Background: recently Anna had to revert r189090 “Refactor conditional expression evaluating code”, which was added in order to handle temporary destructors that fire conditionally. The motivation for that commit was expressions like “(A() && B()) || (C() && D())”, where the destructors for B, C, and D only fire under certain conditions. In order to make sure these destructors only fire at the right times, Pavel structured the CFG so that the various terminator expressions (“A() && …”, “(A() && B()) || …”, etc.) would be used twice: first during normal expression evaluation, and then again during cleanup. This falls out of a long discussion on PR11645.
The problem was that before his commits, logical operators && and || were computed in the analyzer by walking back up the CFG to see how we got to this point. When we’re deciding whether to run destructors, the CFG blocks where the && or || values were computed is long gone. Pavel’s approach (which both Ted and I reviewed) was to (a) explicitly record whether an expression evaluated to true or false when used as a branch, and (b) keep the leaf expressions of && and || expression trees alive, so that the branch information could be recovered later on.
Unfortunately, two problems fell out of this: first, that in a loop it was possible to accidentally reuse a still-live expr value from the previous iteration, and second, that the GNU binary ?: operator uses the left-hand side as both a condition and a result. (Coincidentally, both of these bugs were reported to us at the same time based on one internal team getting a new Clang build.)
In discussing the first problem, Ted and Anna realized that the liveness information for nested && and || expressions was still incorrect: the outermost expression may potentially depend on all of the inner expressions, but that means that those sub-expressions are always considered live (since expressions are marked dead, in a reverse analysis, at the point of evaluation, and there are paths that don’t evaluate a particular sub-expression in a complex logical expression). This wasn’t an issue before because && and || didn’t actually use those expressions to compute their value, but it’s still incorrect.
Ted remarked that if we were more precisely modeling execution, we’d just have an extra bit on the side that got set to 1 if we needed to run a particular temporary’s destructor.

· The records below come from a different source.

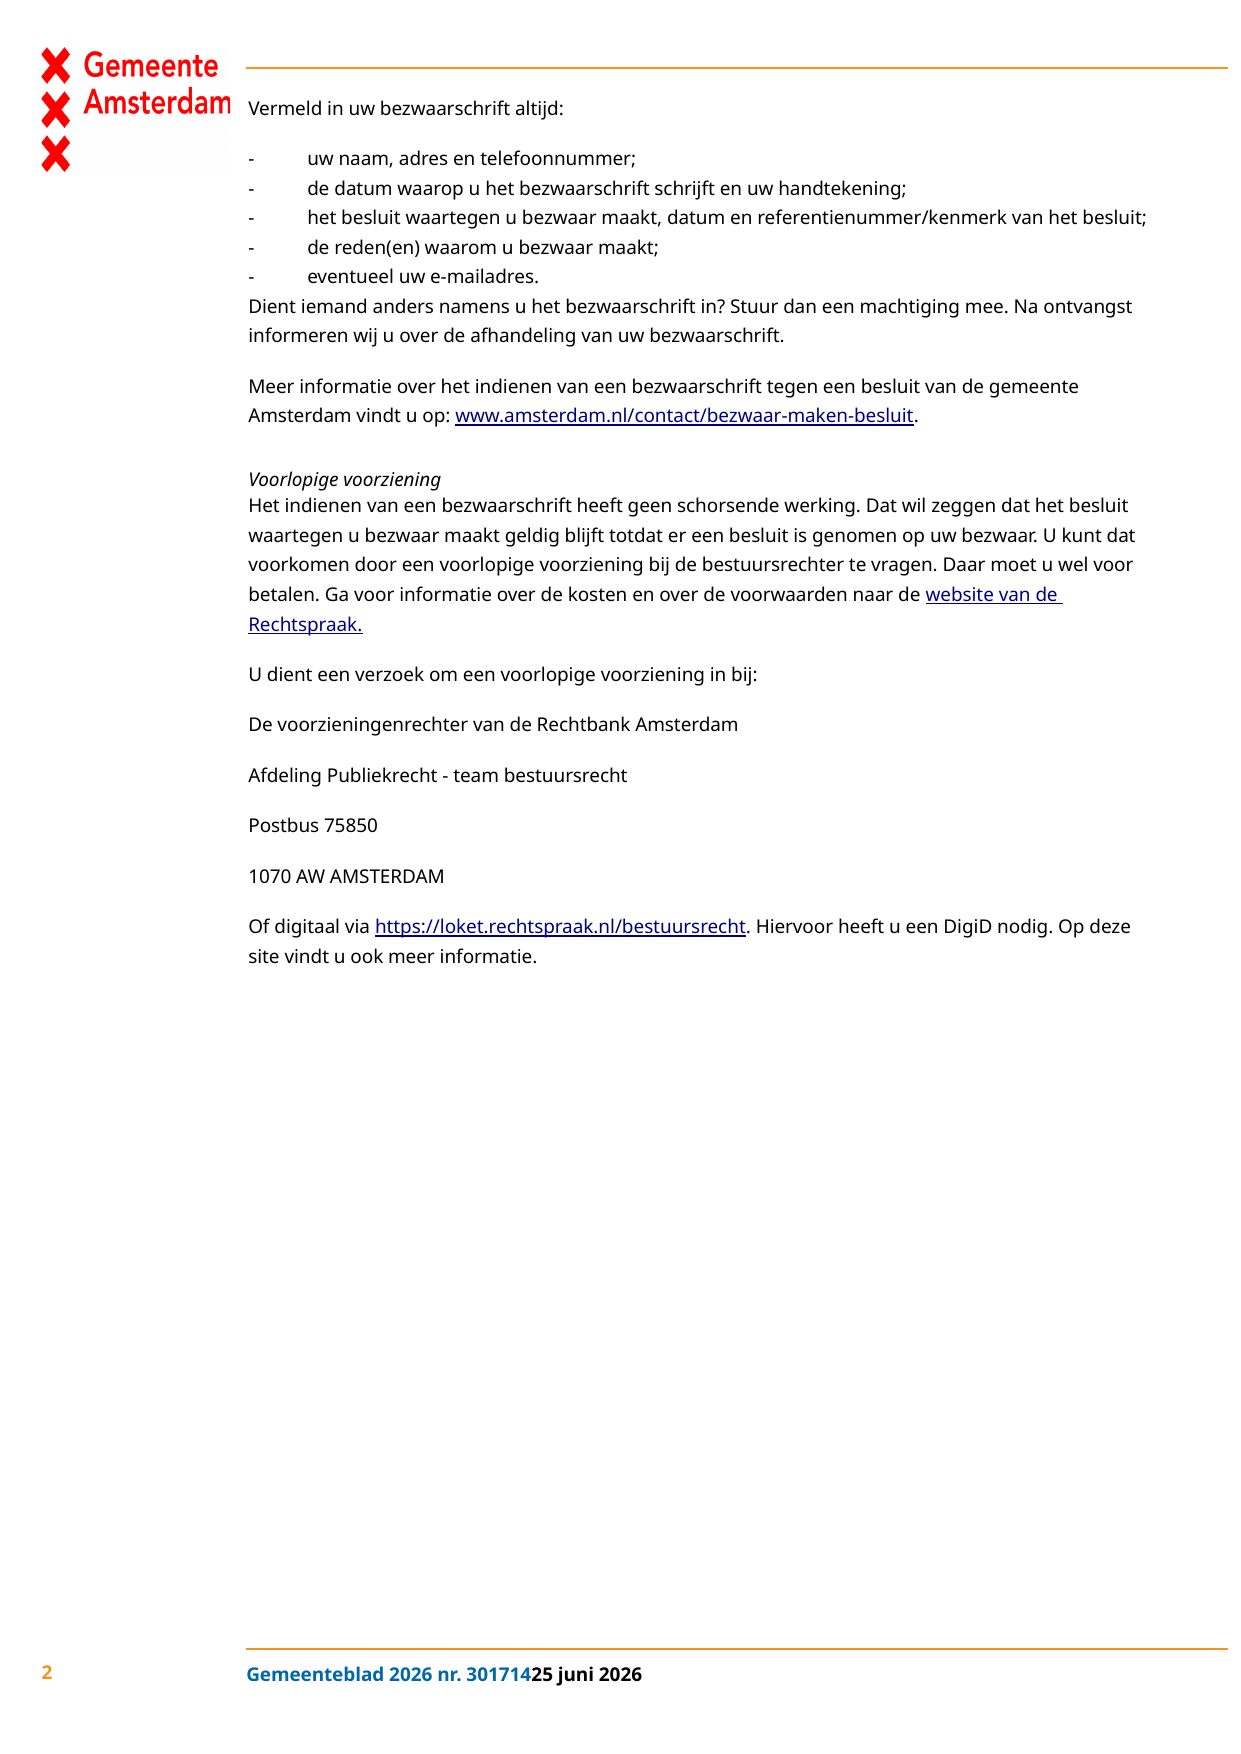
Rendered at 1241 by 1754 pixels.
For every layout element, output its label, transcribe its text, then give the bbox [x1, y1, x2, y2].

text U dient een verzoek om een voorlopige voorziening in bij: [248, 661, 1152, 687]
list uw naam, adres en telefoonnummer; [248, 145, 1152, 171]
text Vermeld in uw bezwaarschrift altijd: [248, 95, 1152, 121]
list de datum waarop u het bezwaarschrift schrijft en uw handtekening; [248, 175, 1152, 201]
text Het indienen van een bezwaarschrift heeft geen schorsende werking. Dat wil zeggen dat het besluit waartegen u bezwaar maakt geldig blijft totdat er een besluit is genomen op uw bezwaar. U kunt dat voorkomen door een voorlopige voorziening bij de bestuursrechter te vragen. Daar moet u wel voor betalen. Ga voor informatie over de kosten en over de voorwaarden naar de website van de Rechtspraak. [248, 492, 1152, 636]
text Voorlopige voorziening [248, 467, 1152, 492]
text Of digitaal via https://loket.rechtspraak.nl/bestuursrecht. Hiervoor heeft u een DigiD nodig. Op deze site vindt u ook meer informatie. [248, 913, 1152, 968]
text Dient iemand anders namens u het bezwaarschrift in? Stuur dan een machtiging mee. Na ontvangst informeren wij u over de afhandeling van uw bezwaarschrift. [248, 293, 1152, 348]
text Afdeling Publiekrecht - team bestuursrecht [248, 762, 1152, 788]
list de reden(en) waarom u bezwaar maakt; [248, 234, 1152, 260]
text De voorzieningenrechter van de Rechtbank Amsterdam [248, 712, 1152, 737]
list het besluit waartegen u bezwaar maakt, datum en referentienummer/kenmerk van het besluit; [248, 204, 1152, 230]
text Meer informatie over het indienen van een bezwaarschrift tegen een besluit van de gemeente Amsterdam vindt u op: www.amsterdam.nl/contact/bezwaar-maken-besluit. [248, 373, 1152, 428]
picture [41, 47, 231, 172]
list eventueel uw e-mailadres. [248, 263, 1152, 289]
text 1070 AW AMSTERDAM [248, 863, 1152, 888]
text Postbus 75850 [248, 812, 1152, 838]

We could do something similar in the CFG by inserting fake boolean variables and using those to decide whether or not to run destructors later; we’re not bound by the limits of the AST (on where variables can be inserted), and we already synthesize fake DeclStmts elsewhere (to break up a DeclStmt with multiple decls in it). I will admit we’ve had a handful of problems related to these fake decls in the past, but that doesn’t automatically invalidate the plan. We just haven’t explored it much, and I thought it was worth mentioning.
Anyway, clearly we’d like to properly evaluate temporary destructors, but just as clearly we don’t want to accept regressions in other parts of the analyzer, especially in pure C code or C++ code with cfg-temporary-dtors still turned off. So that’s where we are today.
Still interested in trying to solve these problems?